Fellmeth, the professor of the University of San Diego School of Law, has a problem with that.
"Attorneys have a fiduciary duty to their client, that means you keep your word. But it's also true that legal representation is sometimes too hard to predict," Fellmeth said. "The right thing to do is to go back to (the client) before you incur the cost, not after. It's a cliche to say 'Don't ask in advance. Do it first and ask for forgiveness.' Attorneys should not be doing that."
But such a practice isn't uncommon, Fellmeth says.
"The fact is, if you are an attorney and if you are in the middle of 10 cases, you're very hard to replace," he said. "Theoretically, attorneys should not be taking advantage of their position to leverage more money from their client."
That's not how it happened, according to Councilman Chin.
Chin said that litigation arising from environmental challenges was never part of the scope of service for Dowd.
"We just clarified the language," Chin said. "The council had already known.

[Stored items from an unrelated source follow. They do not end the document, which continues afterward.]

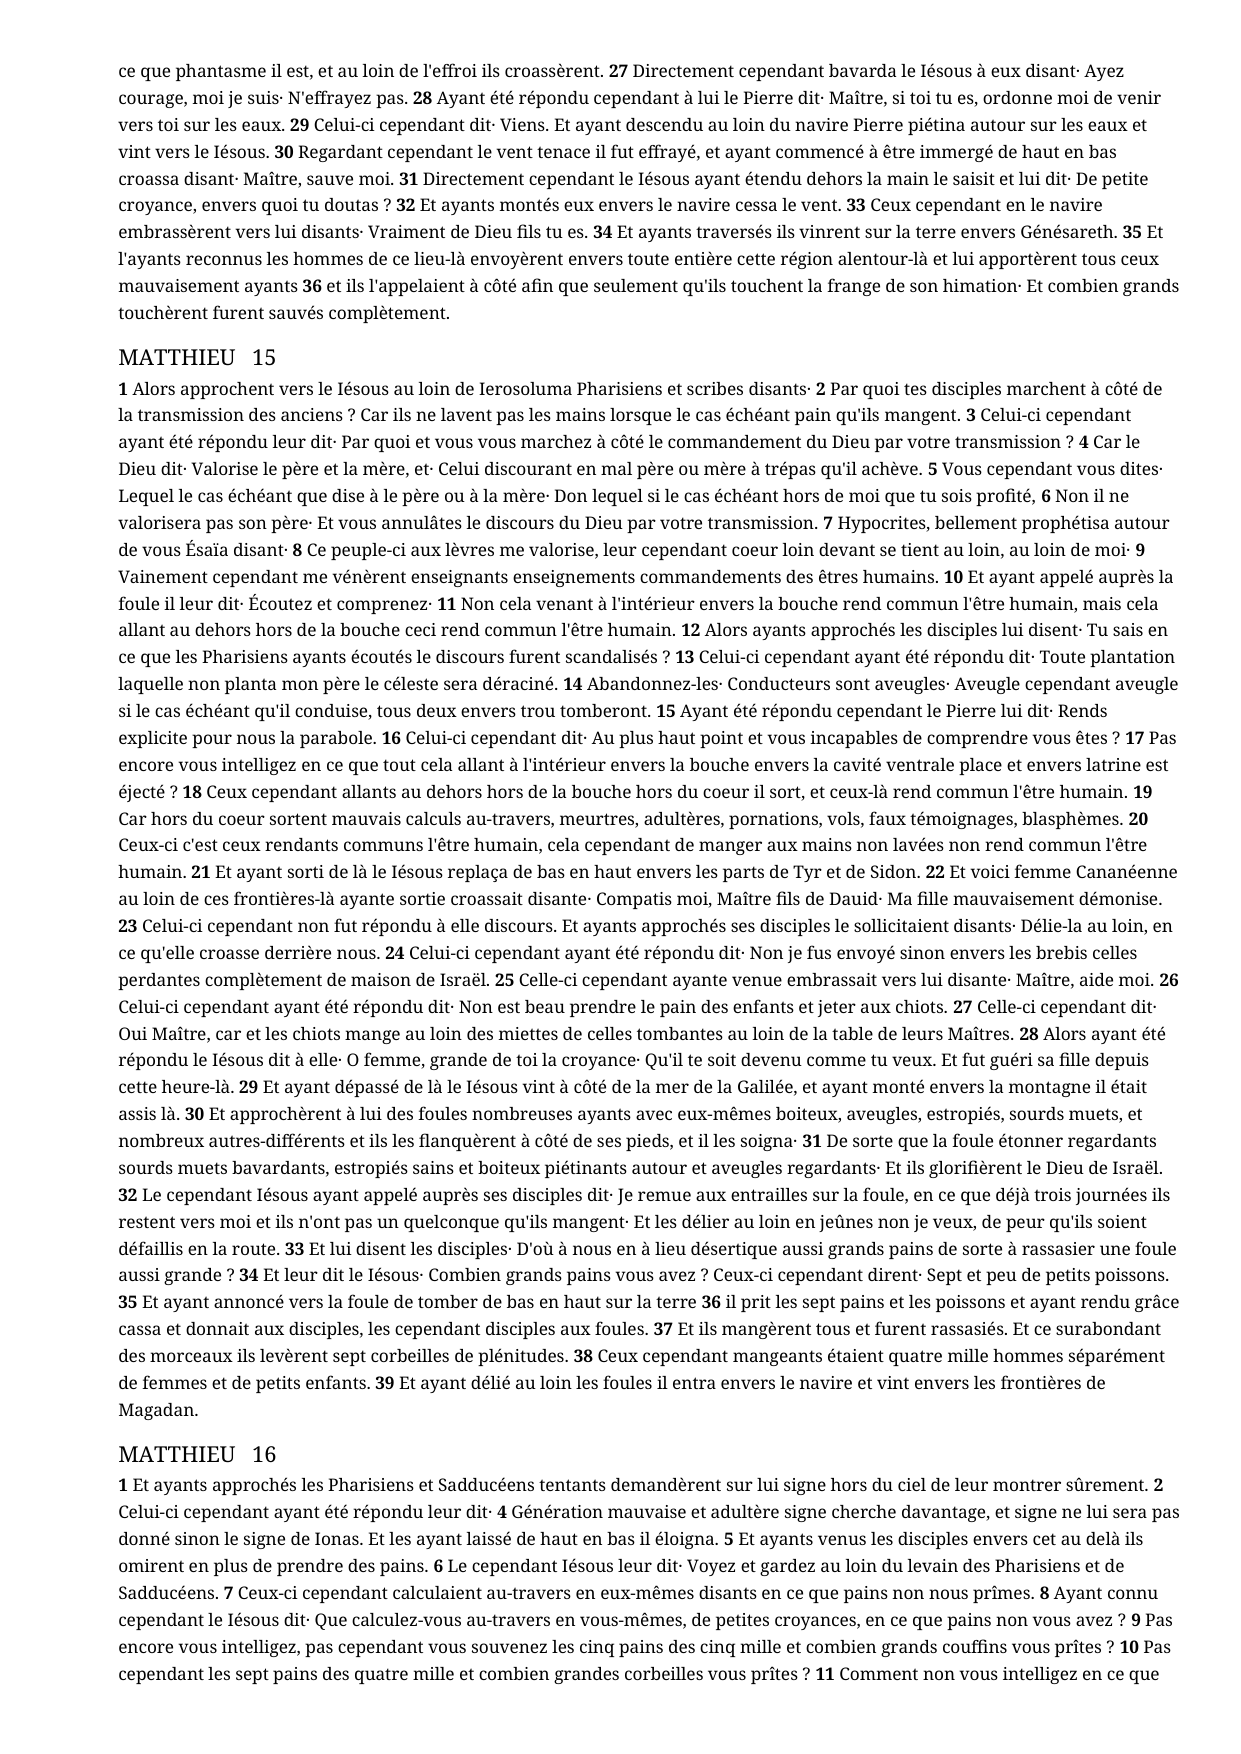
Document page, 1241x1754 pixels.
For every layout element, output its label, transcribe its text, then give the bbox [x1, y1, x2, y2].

text 1 Alors approchent vers le Iésous au loin de Ierosoluma Pharisiens et scribes disants· 2 Par quoi tes disciples marchent à côté de la transmission des anciens ? Car ils ne lavent pas les mains lorsque le cas échéant pain qu'ils mangent. 3 Celui-ci cependant ayant été répondu leur dit· Par quoi et vous vous marchez à côté le commandement du Dieu par votre transmission ? 4 Car le Dieu dit· Valorise le père et la mère, et· Celui discourant en mal père ou mère à trépas qu'il achève. 5 Vous cependant vous dites· Lequel le cas échéant que dise à le père ou à la mère· Don lequel si le cas échéant hors de moi que tu sois profité, 6 Non il ne valorisera pas son père· Et vous annulâtes le discours du Dieu par votre transmission. 7 Hypocrites, bellement prophétisa autour de vous Ésaïa disant· 8 Ce peuple-ci aux lèvres me valorise, leur cependant coeur loin devant se tient au loin, au loin de moi· 9 Vainement cependant me vénèrent enseignants enseignements commandements des êtres humains. 10 Et ayant appelé auprès la foule il leur dit· Écoutez et comprenez· 11 Non cela venant à l'intérieur envers la bouche rend commun l'être humain, mais cela allant au dehors hors de la bouche ceci rend commun l'être humain. 12 Alors ayants approchés les disciples lui disent· Tu sais en ce que les Pharisiens ayants écoutés le discours furent scandalisés ? 13 Celui-ci cependant ayant été répondu dit· Toute plantation laquelle non planta mon père le céleste sera déraciné. 14 Abandonnez-les· Conducteurs sont aveugles· Aveugle cependant aveugle si le cas échéant qu'il conduise, tous deux envers trou tomberont. 15 Ayant été répondu cependant le Pierre lui dit· Rends explicite pour nous la parabole. 16 Celui-ci cependant dit· Au plus haut point et vous incapables de comprendre vous êtes ? 17 Pas encore vous intelligez en ce que tout cela allant à l'intérieur envers la bouche envers la cavité ventrale place et envers latrine est éjecté ? 18 Ceux cependant allants au dehors hors de la bouche hors du coeur il sort, et ceux-là rend commun l'être humain. 19 Car hors du coeur sortent mauvais calculs au-travers, meurtres, adultères, pornations, vols, faux témoignages, blasphèmes. 20 Ceux-ci c'est ceux rendants communs l'être humain, cela cependant de manger aux mains non lavées non rend commun l'être humain. 21 Et ayant sorti de là le Iésous replaça de bas en haut envers les parts de Tyr et de Sidon. 22 Et voici femme Cananéenne au loin de ces frontières-là ayante sortie croassait disante· Compatis moi, Maître fils de Dauid· Ma fille mauvaisement démonise. 23 Celui-ci cependant non fut répondu à elle discours. Et ayants approchés ses disciples le sollicitaient disants· Délie-la au loin, en ce qu'elle croasse derrière nous. 24 Celui-ci cependant ayant été répondu dit· Non je fus envoyé sinon envers les brebis celles perdantes complètement de maison de Israël. 25 Celle-ci cependant ayante venue embrassait vers lui disante· Maître, aide moi. 26 Celui-ci cependant ayant été répondu dit· Non est beau prendre le pain des enfants et jeter aux chiots. 27 Celle-ci cependant dit· Oui Maître, car et les chiots mange au loin des miettes de celles tombantes au loin de la table de leurs Maîtres. 28 Alors ayant été répondu le Iésous dit à elle· O femme, grande de toi la croyance· Qu'il te soit devenu comme tu veux. Et fut guéri sa fille depuis cette heure-là. 29 Et ayant dépassé de là le Iésous vint à côté de la mer de la Galilée, et ayant monté envers la montagne il était assis là. 30 Et approchèrent à lui des foules nombreuses ayants avec eux-mêmes boiteux, aveugles, estropiés, sourds muets, et nombreux autres-différents et ils les flanquèrent à côté de ses pieds, et il les soigna· 31 De sorte que la foule étonner regardants sourds muets bavardants, estropiés sains et boiteux piétinants autour et aveugles regardants· Et ils glorifièrent le Dieu de Israël. 32 Le cependant Iésous ayant appelé auprès ses disciples dit· Je remue aux entrailles sur la foule, en ce que déjà trois journées ils restent vers moi et ils n'ont pas un quelconque qu'ils mangent· Et les délier au loin en jeûnes non je veux, de peur qu'ils soient défaillis en la route. 33 Et lui disent les disciples· D'où à nous en à lieu désertique aussi grands pains de sorte à rassasier une foule aussi grande ? 34 Et leur dit le Iésous· Combien grands pains vous avez ? Ceux-ci cependant dirent· Sept et peu de petits poissons. 35 Et ayant annoncé vers la foule de tomber de bas en haut sur la terre 36 il prit les sept pains et les poissons et ayant rendu grâce cassa et donnait aux disciples, les cependant disciples aux foules. 37 Et ils mangèrent tous et furent rassasiés. Et ce surabondant des morceaux ils levèrent sept corbeilles de plénitudes. 38 Ceux cependant mangeants étaient quatre mille hommes séparément de femmes et de petits enfants. 39 Et ayant délié au loin les foules il entra envers le navire et vint envers les frontières de Magadan. [118, 377, 1181, 1421]
text 1 Et ayants approchés les Pharisiens et Sadducéens tentants demandèrent sur lui signe hors du ciel de leur montrer sûrement. 2 Celui-ci cependant ayant été répondu leur dit· 4 Génération mauvaise et adultère signe cherche davantage, et signe ne lui sera pas donné sinon le signe de Ionas. Et les ayant laissé de haut en bas il éloigna. 5 Et ayants venus les disciples envers cet au delà ils omirent en plus de prendre des pains. 6 Le cependant Iésous leur dit· Voyez et gardez au loin du levain des Pharisiens et de Sadducéens. 7 Ceux-ci cependant calculaient au-travers en eux-mêmes disants en ce que pains non nous prîmes. 8 Ayant connu cependant le Iésous dit· Que calculez-vous au-travers en vous-mêmes, de petites croyances, en ce que pains non vous avez ? 9 Pas encore vous intelligez, pas cependant vous souvenez les cinq pains des cinq mille et combien grands couffins vous prîtes ? 10 Pas cependant les sept pains des quatre mille et combien grandes corbeilles vous prîtes ? 11 Comment non vous intelligez en ce que [118, 1473, 1181, 1685]
text MATTHIEU 16 [118, 1439, 1181, 1469]
text MATTHIEU 15 [118, 342, 1181, 372]
text ce que phantasme il est, et au loin de l'effroi ils croassèrent. 27 Directement cependant bavarda le Iésous à eux disant· Ayez courage, moi je suis· N'effrayez pas. 28 Ayant été répondu cependant à lui le Pierre dit· Maître, si toi tu es, ordonne moi de venir vers toi sur les eaux. 29 Celui-ci cependant dit· Viens. Et ayant descendu au loin du navire Pierre piétina autour sur les eaux et vint vers le Iésous. 30 Regardant cependant le vent tenace il fut effrayé, et ayant commencé à être immergé de haut en bas croassa disant· Maître, sauve moi. 31 Directement cependant le Iésous ayant étendu dehors la main le saisit et lui dit· De petite croyance, envers quoi tu doutas ? 32 Et ayants montés eux envers le navire cessa le vent. 33 Ceux cependant en le navire embrassèrent vers lui disants· Vraiment de Dieu fils tu es. 34 Et ayants traversés ils vinrent sur la terre envers Génésareth. 35 Et l'ayants reconnus les hommes de ce lieu-là envoyèrent envers toute entière cette région alentour-là et lui apportèrent tous ceux mauvaisement ayants 36 et ils l'appelaient à côté afin que seulement qu'ils touchent la frange de son himation· Et combien grands touchèrent furent sauvés complètement. [118, 59, 1181, 324]

We just clarified it for everybody. It was not a change."
Beaver opined that the contract amendment was a ploy that allows Dowd's firm to "get paid more for less work."
"He's basically saying, 'I want to get paid more because I'm doing more work than what I thought I would be doing,'" Beaver said. "He didn't mean what he said when he first agreed to that cap. Dowd needs to pay back to the city any excess compensation he was paid because of the second contract."
This contract amendment is the second major foul for the city council, Beaver said.
"If they pay him, then other law firms, which were competing for the job, are in the position of suing the city because they were rejected partly on the basis of this cap. They were denied their chance to work with the city because of unfair competition and dishonest bidding."